Существует версия так называемого брака левой руки, на который якобы указывает тот факт, что мужчина поддерживает правую руку женщины своей левой. По этой версии перед нами брак морганатический, в который вступают из милости к женщине, стоящей ниже по социальной лестнице. Принять эту версию не позволяют три обстоятельства: а) если обстоит так, то нет надобности в портрете той, которая уже умерла и брак с которой был заключен из милости. Зачем писать a posteriori портрет умершей, на которой женились из милости, да еще увековечить это неравенство и унизительную деталь? б) при этом спутник дамы не только не ведет себя высокомерно по отношению к ней, он подчеркнуто почтителен, точно с вышестоящей; такое трудно представить по отношению к той, на которой женятся браком «левой руки»; с) левой рукой мужчина не встречает руку дамы, но поддерживает ее и провожает. Встретить руку пожатием или почтительно поддержать – это два разных жеста. Впечатление почтительности усугублено жестом второй руки мужчины: он поднял ладонь, точно успокаивая, деликатно предупреждая о чем-то важном.
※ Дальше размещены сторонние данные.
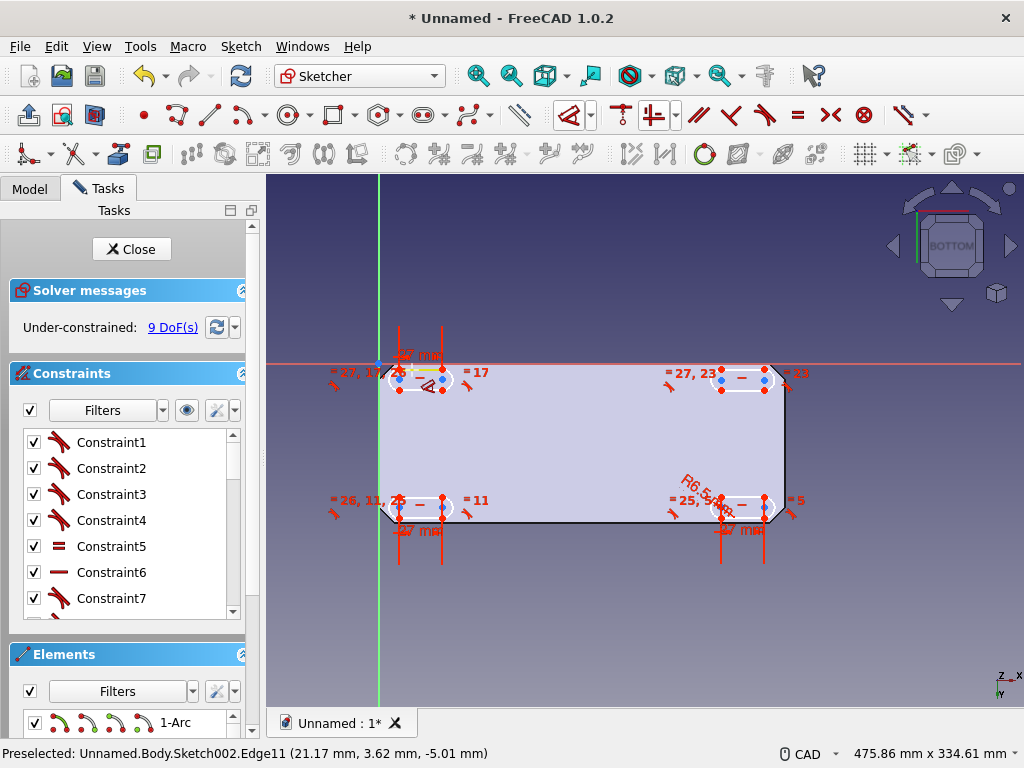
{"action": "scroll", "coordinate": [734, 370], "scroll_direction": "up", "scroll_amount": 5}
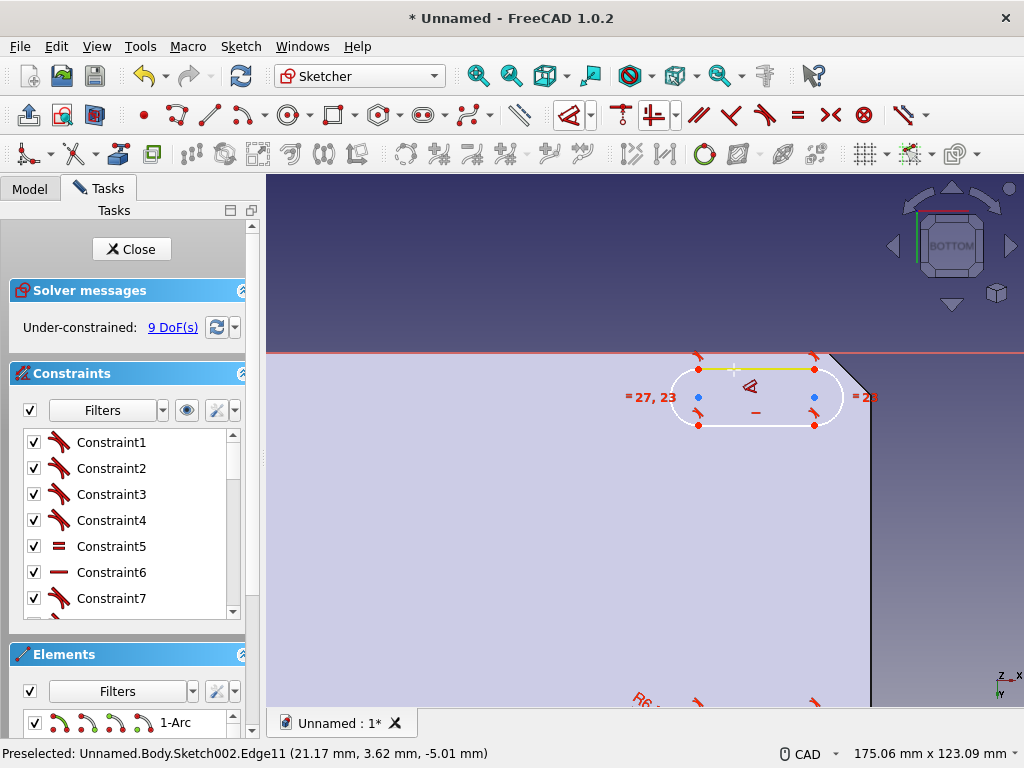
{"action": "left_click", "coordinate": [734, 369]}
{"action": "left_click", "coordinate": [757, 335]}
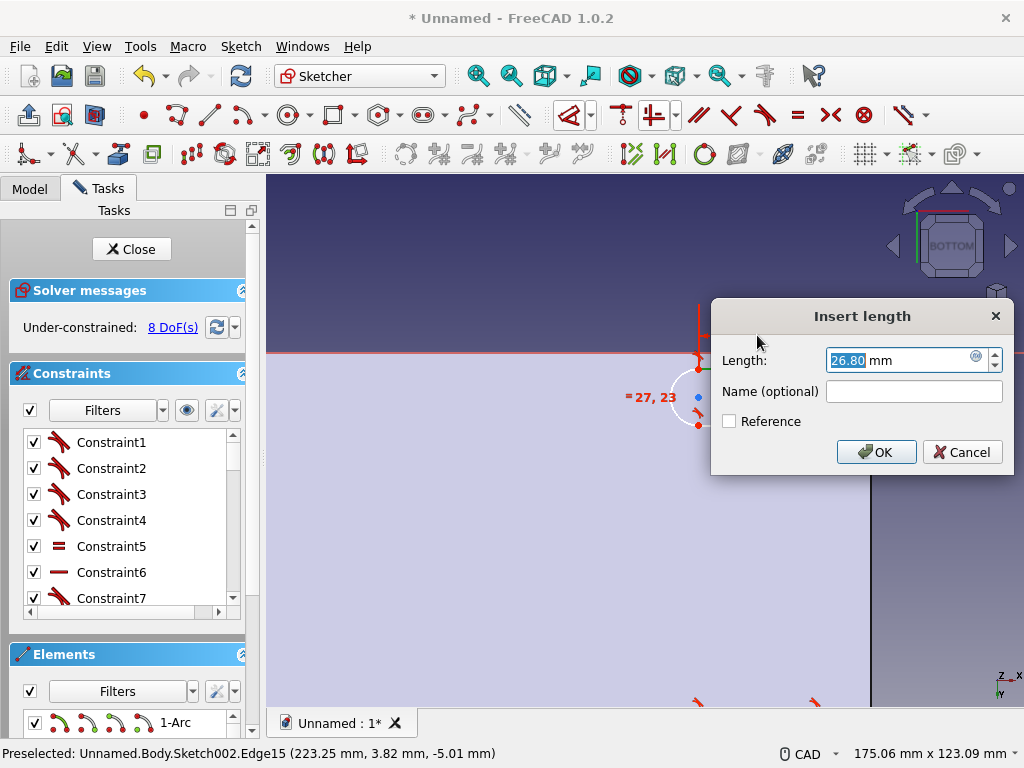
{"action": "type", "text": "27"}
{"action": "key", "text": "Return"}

Таким жестом мы обычно предваряем существенное слово: подождите, я сейчас скажу нечто важное. Этот жест является каноническим в иконографии – это жест архангела Гавриила, пришедшего к Марии посланника Бога. Буквально на всех картинах, изображающих Благовещение, архангел поднимает правую ладонь, словно предупреждая Деву о важной миссии.
Ошибиться невозможно: перед нами сцена Благовещения; мы видим архангела Гавриила, сообщившего Благую Весть Марии. Сказав то, что должно было сказать, архангел поднял руку, успокаивая потрясенную Деву, – впрочем, Мария приняла Весть безропотно. Она погружена в себя, в свое состояние – и отдает себя тому, кто послал вестника. Она не смотрит на своего провожатого (так называемого Арнольфини), впрочем, и «Арнольфини» на Деву не смотрит. Они оба смотрят на дверь перед ними, в которой появился тот, чью Весть архангел передал. Смотрят на Бога.
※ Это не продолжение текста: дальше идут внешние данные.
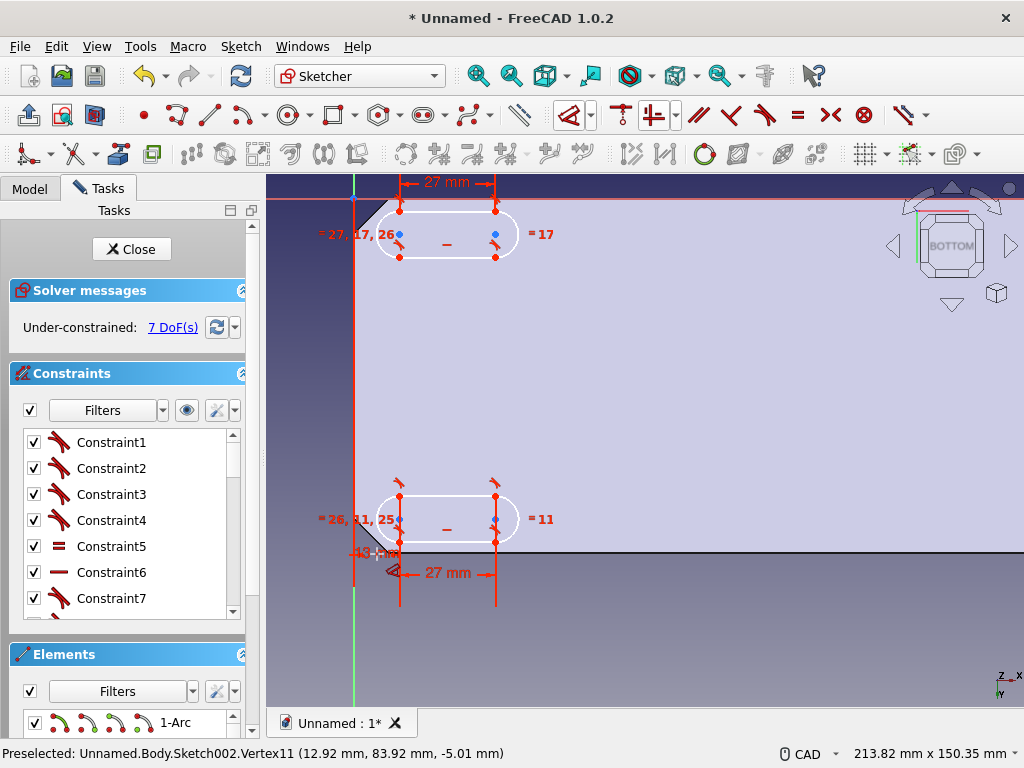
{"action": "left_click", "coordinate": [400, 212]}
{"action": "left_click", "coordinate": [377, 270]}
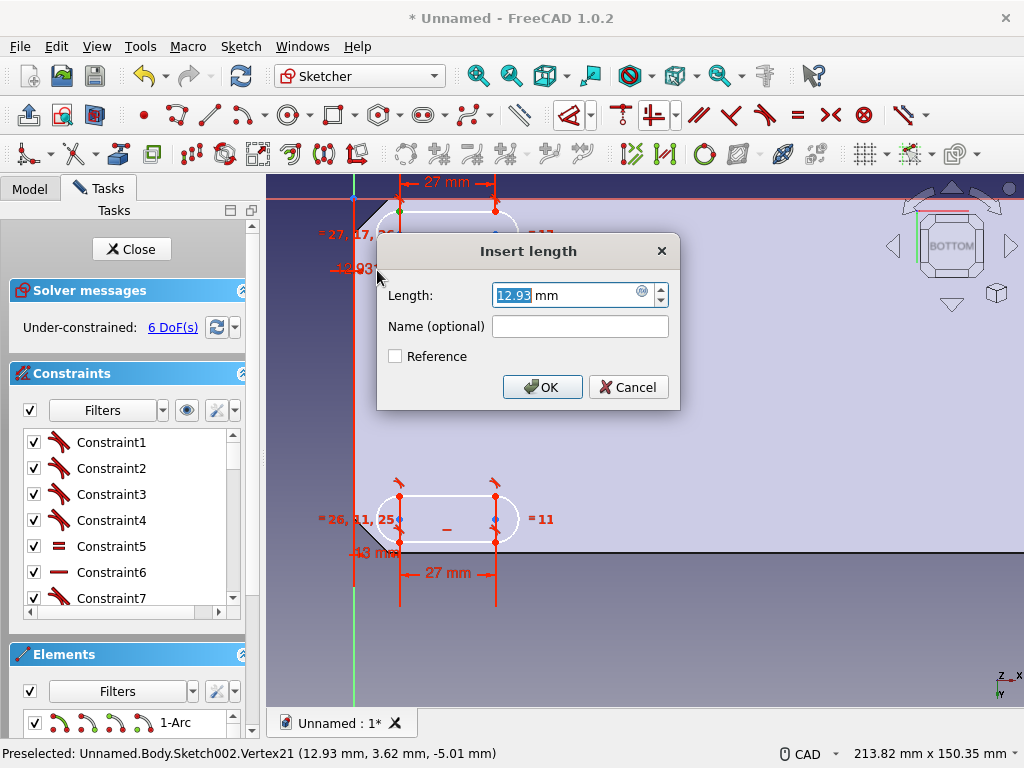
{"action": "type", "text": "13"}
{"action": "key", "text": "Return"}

Тот, кто послал Гавриила, судя по всему, рядом – Он стоит перед парой, то есть невидимый, Он стоит за нами, за зрителями картины.
Между фигурами мужчины и женщины помещено зеркало, на раме которого расположены круглые картины, небольшие тондо, вставленные в раму наподобие клейм иконы. В этих клеймах на раме зеркала изображены Страсти Христовы. Это исключительно необычное зеркало – с изображением Страстей Христовых по окружности рамы, и что же есть в таком случае зеркало, как не парафраз иконы, и уж коль скоро по окружности идут клейма Страстей, то в центре должен появиться образ Божий. Миллард Мисс склонен рассматривать зеркало в картине ван Эйка, как аллегорию глаза самого художника, взирающего на сцену; толкование интересное, но поддержать его трудно.
Разумеется, обрамленное клеймами Страстей Христовых, зеркало может являться лишь иконой: никакой иной образ не обрамляют изображениями Страстей Христа. Это икона, то есть окно в иной, горний мир – и в этом окне, в зеркале-иконе, отражается Бог, реальный отец того младенца, коим беременна дама. Мы даже видим в зеркале отражение вошедшего – образ Божий действительно появляется на том месте, где ему должно быть. Прибегать к зеркалу в сакральной сцене – характерный для бургундцев прием; к нему часто прибегал и Робер Кампен. Практически в каждом его триптихе присутствует предмет, отражающий комнату – в «Верльском триптихе», из которого сохранились створки, в левой части, за фигурой Иоанна Крестителя, также можно разглядеть фигуры двух вошедших пришельцев.
Зеркало в картине ван Эйка легко также соотнести с зеркалом в картине «Менины» Веласкеса, где король с королевой появляются именно в отражении. Тот факт, что Веласкес наследует прием ван Эйка (как испанская живопись Габсбургов наследует живописи Бургундии, землю которой Габсбурги присвоили вместе с картинами), должен навести на мысль, что Веласкес понимает, какой именно прием он заимствует. Очевидно, что для Веласкеса – отражение в зеркале было именно явлением властелина.
Детали картины: четки, апельсины (райские фрукты), одна горящая свеча – символ Святого Духа (в Благовещении Робера Кампена в схожей люстре тоже горит одна свеча) – все эти детали должны навести нас на мысль о сюжете Благовещения. Даже кровать, застеленная красным, под красным же балдахином, соответствует традиционному изображению ложа будущей Богоматери.